**Exercise directions**: Where does the word "Socket" show up in the records? Copy every line that has it.

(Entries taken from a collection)
------------

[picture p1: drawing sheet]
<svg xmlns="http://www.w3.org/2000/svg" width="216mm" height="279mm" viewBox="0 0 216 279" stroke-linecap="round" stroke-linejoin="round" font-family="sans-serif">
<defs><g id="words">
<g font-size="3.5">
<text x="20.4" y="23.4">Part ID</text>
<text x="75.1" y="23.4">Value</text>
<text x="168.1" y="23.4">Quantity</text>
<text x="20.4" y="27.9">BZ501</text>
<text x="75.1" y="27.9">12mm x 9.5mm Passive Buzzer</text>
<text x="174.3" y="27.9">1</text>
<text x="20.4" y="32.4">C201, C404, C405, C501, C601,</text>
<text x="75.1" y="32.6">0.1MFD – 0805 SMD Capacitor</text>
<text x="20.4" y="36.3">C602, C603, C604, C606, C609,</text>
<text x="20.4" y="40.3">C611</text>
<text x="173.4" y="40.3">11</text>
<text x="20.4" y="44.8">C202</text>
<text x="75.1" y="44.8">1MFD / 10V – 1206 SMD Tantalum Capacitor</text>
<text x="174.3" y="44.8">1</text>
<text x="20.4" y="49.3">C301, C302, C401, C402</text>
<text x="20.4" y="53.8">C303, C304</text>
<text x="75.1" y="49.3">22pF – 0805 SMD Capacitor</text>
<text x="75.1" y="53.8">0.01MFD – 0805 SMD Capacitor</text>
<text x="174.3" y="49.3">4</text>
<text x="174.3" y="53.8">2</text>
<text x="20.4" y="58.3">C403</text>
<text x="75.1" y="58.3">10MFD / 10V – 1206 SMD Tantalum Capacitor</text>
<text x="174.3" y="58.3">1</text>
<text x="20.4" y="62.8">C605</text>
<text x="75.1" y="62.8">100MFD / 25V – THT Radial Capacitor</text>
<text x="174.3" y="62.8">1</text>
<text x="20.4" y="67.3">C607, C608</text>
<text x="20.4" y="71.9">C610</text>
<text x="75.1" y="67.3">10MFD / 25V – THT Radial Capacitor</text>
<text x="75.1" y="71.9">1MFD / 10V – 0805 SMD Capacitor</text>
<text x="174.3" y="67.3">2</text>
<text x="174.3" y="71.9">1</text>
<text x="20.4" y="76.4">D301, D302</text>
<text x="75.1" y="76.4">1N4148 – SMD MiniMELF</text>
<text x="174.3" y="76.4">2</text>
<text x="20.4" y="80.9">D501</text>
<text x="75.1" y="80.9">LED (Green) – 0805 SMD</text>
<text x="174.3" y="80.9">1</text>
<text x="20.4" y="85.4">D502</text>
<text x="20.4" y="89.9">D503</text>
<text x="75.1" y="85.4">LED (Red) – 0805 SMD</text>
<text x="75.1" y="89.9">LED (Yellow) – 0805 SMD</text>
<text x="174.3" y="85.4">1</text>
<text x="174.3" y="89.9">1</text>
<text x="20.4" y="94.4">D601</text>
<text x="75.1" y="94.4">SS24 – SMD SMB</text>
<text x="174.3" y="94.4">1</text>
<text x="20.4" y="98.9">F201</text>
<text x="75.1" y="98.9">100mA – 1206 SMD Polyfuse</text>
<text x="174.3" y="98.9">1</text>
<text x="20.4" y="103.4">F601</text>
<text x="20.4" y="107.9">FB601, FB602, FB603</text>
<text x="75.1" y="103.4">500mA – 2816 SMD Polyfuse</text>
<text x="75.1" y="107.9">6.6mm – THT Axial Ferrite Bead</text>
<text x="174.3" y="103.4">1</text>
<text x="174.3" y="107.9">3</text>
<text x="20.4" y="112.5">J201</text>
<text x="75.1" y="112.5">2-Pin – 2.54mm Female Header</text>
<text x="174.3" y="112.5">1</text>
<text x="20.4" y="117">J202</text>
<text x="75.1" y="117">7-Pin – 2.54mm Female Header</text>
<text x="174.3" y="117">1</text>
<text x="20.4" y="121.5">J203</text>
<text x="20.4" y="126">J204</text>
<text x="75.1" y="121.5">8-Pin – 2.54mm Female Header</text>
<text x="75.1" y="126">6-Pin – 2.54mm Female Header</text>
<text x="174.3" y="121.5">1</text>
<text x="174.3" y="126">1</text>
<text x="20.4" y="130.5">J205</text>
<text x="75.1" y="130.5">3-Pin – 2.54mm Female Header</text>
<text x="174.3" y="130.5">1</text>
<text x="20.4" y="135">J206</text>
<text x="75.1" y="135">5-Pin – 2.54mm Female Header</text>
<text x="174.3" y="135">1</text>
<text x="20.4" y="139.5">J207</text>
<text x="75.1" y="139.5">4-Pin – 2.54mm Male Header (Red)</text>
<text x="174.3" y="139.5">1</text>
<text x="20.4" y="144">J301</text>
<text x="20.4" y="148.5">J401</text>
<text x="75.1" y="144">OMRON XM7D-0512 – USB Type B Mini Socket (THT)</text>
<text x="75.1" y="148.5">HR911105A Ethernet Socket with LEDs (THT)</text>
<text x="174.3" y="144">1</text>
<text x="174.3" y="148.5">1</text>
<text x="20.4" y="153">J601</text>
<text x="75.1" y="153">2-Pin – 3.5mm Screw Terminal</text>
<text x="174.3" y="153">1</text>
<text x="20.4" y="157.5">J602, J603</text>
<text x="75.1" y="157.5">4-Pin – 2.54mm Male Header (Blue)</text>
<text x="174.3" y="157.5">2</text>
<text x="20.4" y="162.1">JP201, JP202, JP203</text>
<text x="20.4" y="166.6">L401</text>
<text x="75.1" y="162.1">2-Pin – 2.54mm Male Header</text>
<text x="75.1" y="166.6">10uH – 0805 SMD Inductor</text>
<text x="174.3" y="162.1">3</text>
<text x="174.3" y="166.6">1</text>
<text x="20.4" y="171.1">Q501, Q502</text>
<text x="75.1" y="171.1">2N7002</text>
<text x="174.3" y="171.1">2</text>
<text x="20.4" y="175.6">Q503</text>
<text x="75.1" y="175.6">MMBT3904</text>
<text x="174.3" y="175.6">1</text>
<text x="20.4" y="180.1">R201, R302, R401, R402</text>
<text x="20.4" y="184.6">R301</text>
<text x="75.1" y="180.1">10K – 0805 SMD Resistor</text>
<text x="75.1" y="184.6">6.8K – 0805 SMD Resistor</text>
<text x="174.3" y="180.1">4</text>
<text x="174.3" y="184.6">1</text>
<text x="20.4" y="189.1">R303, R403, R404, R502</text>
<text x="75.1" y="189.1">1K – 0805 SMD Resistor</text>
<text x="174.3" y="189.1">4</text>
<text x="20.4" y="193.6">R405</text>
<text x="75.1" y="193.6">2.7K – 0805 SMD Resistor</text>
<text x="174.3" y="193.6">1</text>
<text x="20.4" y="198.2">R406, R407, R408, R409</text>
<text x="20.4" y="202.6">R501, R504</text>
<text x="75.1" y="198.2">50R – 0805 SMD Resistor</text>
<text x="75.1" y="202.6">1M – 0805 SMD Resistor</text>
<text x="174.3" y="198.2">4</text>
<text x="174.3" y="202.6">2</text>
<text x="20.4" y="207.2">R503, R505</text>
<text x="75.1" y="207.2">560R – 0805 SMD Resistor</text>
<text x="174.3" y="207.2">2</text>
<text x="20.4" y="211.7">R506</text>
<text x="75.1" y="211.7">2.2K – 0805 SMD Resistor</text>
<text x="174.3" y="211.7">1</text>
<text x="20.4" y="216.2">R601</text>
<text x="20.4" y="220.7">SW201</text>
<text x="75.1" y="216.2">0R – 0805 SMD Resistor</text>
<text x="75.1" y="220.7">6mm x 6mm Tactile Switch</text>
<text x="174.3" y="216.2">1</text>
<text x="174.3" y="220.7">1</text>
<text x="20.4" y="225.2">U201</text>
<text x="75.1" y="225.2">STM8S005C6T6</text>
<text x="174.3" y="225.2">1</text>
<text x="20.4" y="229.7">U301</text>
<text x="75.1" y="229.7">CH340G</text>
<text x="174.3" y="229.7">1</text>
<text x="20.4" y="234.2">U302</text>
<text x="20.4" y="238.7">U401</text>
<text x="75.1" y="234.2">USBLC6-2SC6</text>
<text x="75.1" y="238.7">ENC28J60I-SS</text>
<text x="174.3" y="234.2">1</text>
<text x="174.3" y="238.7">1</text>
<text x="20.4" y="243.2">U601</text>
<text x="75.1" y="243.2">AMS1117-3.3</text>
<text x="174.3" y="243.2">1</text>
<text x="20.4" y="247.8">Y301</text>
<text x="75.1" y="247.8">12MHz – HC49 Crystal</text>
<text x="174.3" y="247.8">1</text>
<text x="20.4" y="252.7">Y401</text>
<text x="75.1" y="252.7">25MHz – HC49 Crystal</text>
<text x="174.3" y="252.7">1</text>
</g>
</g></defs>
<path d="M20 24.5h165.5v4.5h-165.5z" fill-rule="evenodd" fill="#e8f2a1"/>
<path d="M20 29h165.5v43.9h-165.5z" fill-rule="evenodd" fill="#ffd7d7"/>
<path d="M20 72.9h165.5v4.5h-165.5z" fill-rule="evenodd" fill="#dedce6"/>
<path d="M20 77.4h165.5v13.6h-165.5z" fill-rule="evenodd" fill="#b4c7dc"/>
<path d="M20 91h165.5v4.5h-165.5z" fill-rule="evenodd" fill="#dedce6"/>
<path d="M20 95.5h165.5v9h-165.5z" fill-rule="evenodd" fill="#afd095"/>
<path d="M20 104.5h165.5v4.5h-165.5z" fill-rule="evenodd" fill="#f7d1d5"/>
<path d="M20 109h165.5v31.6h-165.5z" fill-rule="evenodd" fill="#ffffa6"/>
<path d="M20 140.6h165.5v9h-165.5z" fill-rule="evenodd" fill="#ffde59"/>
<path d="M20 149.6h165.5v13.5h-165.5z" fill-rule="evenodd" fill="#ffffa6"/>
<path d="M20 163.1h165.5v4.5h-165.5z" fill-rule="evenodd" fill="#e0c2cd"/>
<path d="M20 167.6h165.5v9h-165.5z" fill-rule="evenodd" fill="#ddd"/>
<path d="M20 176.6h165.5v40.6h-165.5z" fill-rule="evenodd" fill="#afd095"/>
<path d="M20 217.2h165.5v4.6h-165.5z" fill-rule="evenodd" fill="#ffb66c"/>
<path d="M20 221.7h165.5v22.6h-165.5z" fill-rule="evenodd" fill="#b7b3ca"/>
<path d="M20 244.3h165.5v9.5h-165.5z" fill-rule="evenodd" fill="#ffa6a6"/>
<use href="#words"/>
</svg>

------------

**Final answer**:
<text x="75.1" y="144">OMRON XM7D-0512 – USB Type B Mini Socket (THT)</text>
<text x="75.1" y="148.5">HR911105A Ethernet Socket with LEDs (THT)</text>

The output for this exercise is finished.